*** Block opens ***

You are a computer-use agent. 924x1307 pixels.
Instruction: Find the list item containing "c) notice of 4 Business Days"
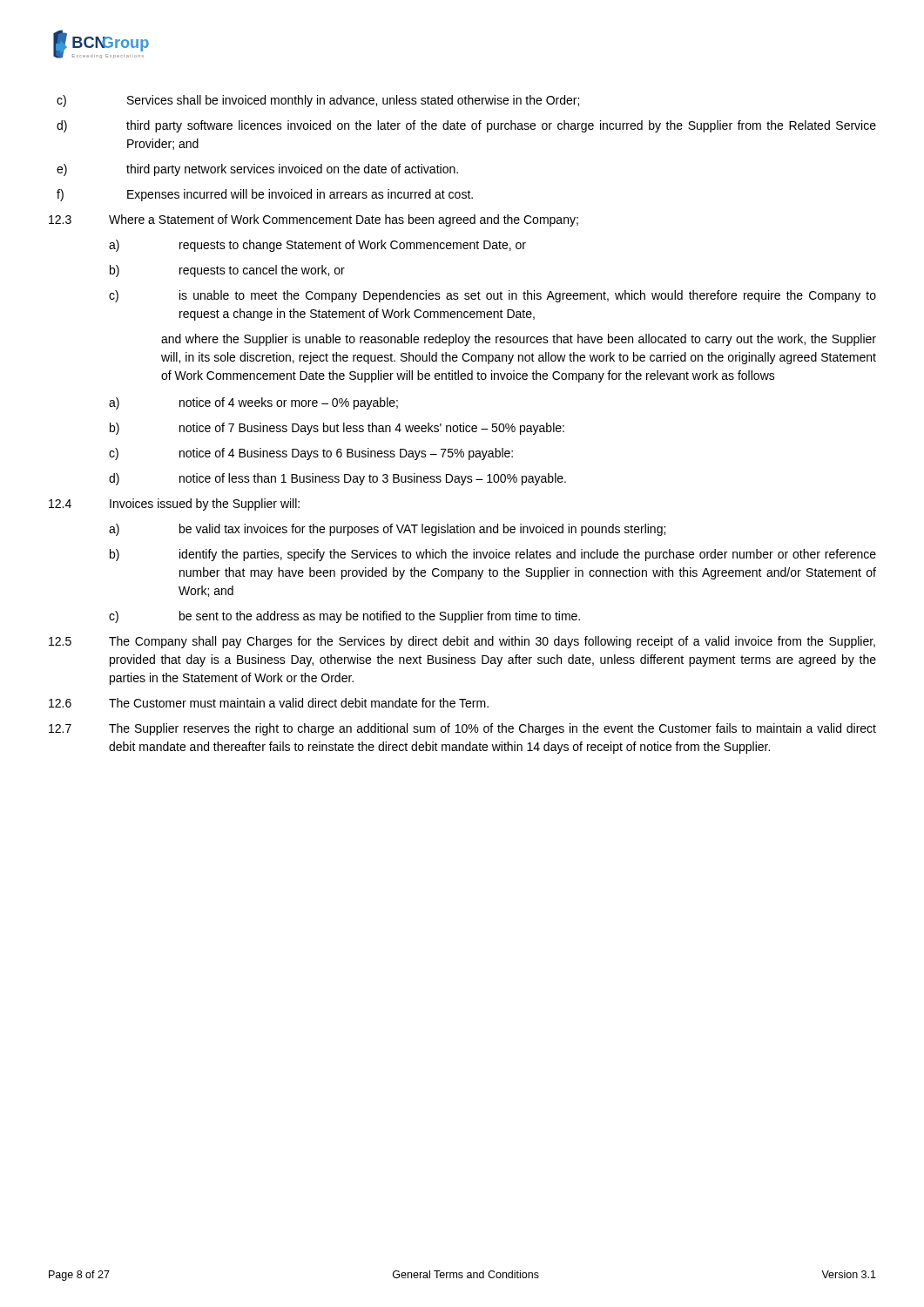click(462, 454)
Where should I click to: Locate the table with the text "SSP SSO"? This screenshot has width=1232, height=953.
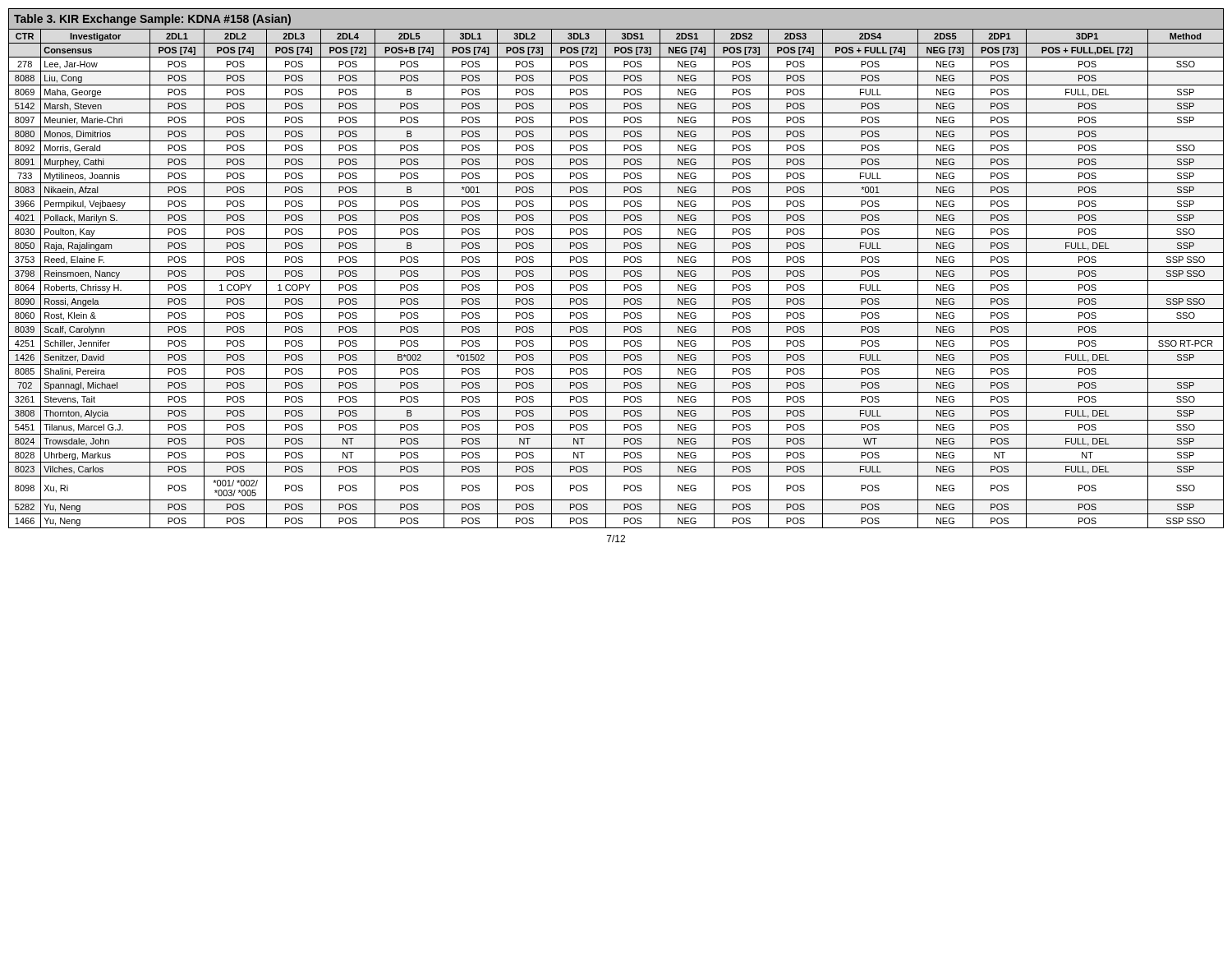tap(616, 268)
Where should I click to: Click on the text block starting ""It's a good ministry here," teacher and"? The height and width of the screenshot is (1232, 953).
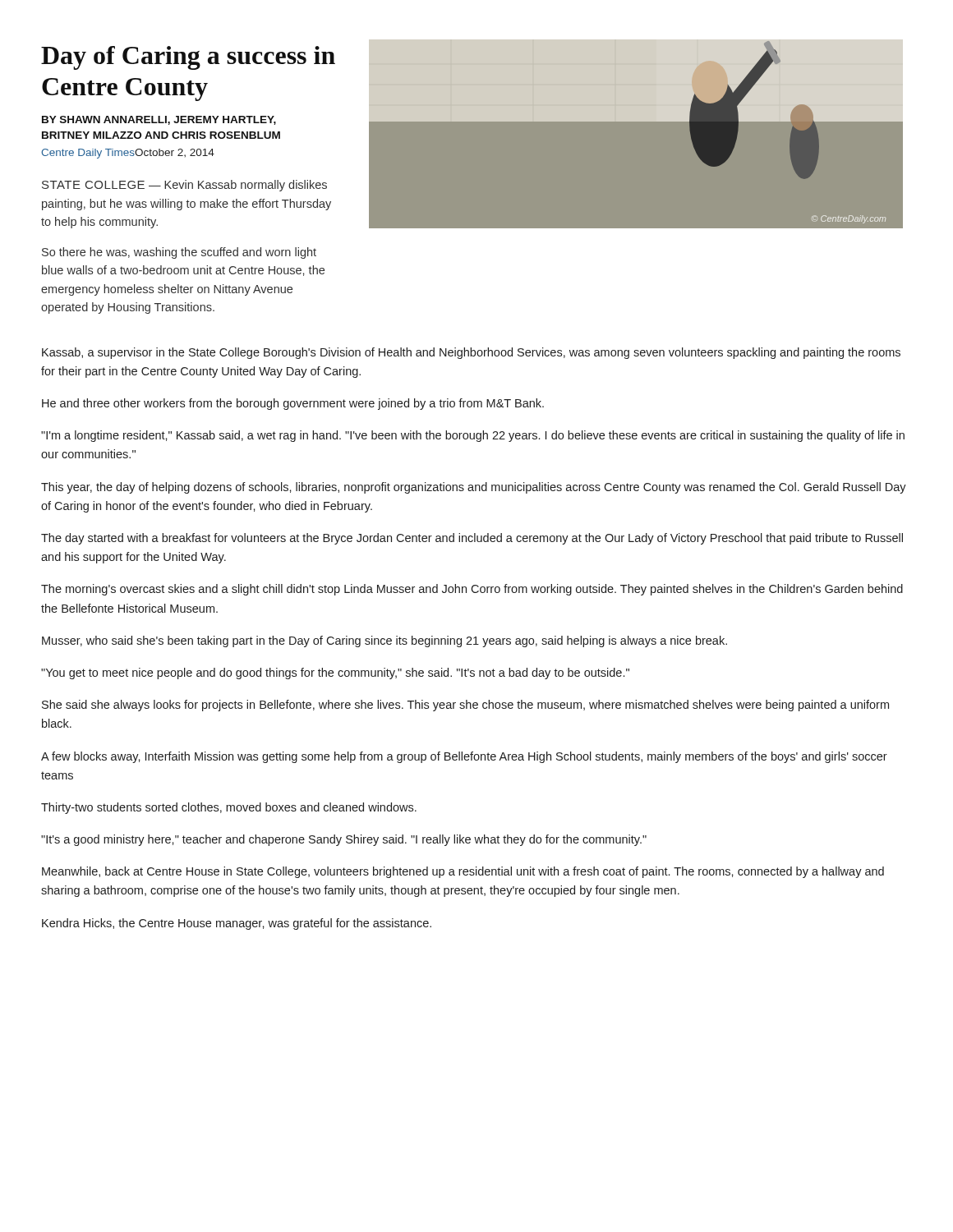coord(476,840)

*** Block closes ***

» How to complete this task
Each entry above is to be duplicated exactly, and its pictures omitted.

» Answer area
You are a computer-use agent. 924x1307 pixels.
Instruction: Find the list item containing "c) notice of 4 Business Days"
click(462, 454)
Where should I click to: Locate the table with the text "SSP SSO"? This screenshot has width=1232, height=953.
tap(616, 268)
Where should I click to: Click on the text block starting ""It's a good ministry here," teacher and"? The height and width of the screenshot is (1232, 953).
coord(476,840)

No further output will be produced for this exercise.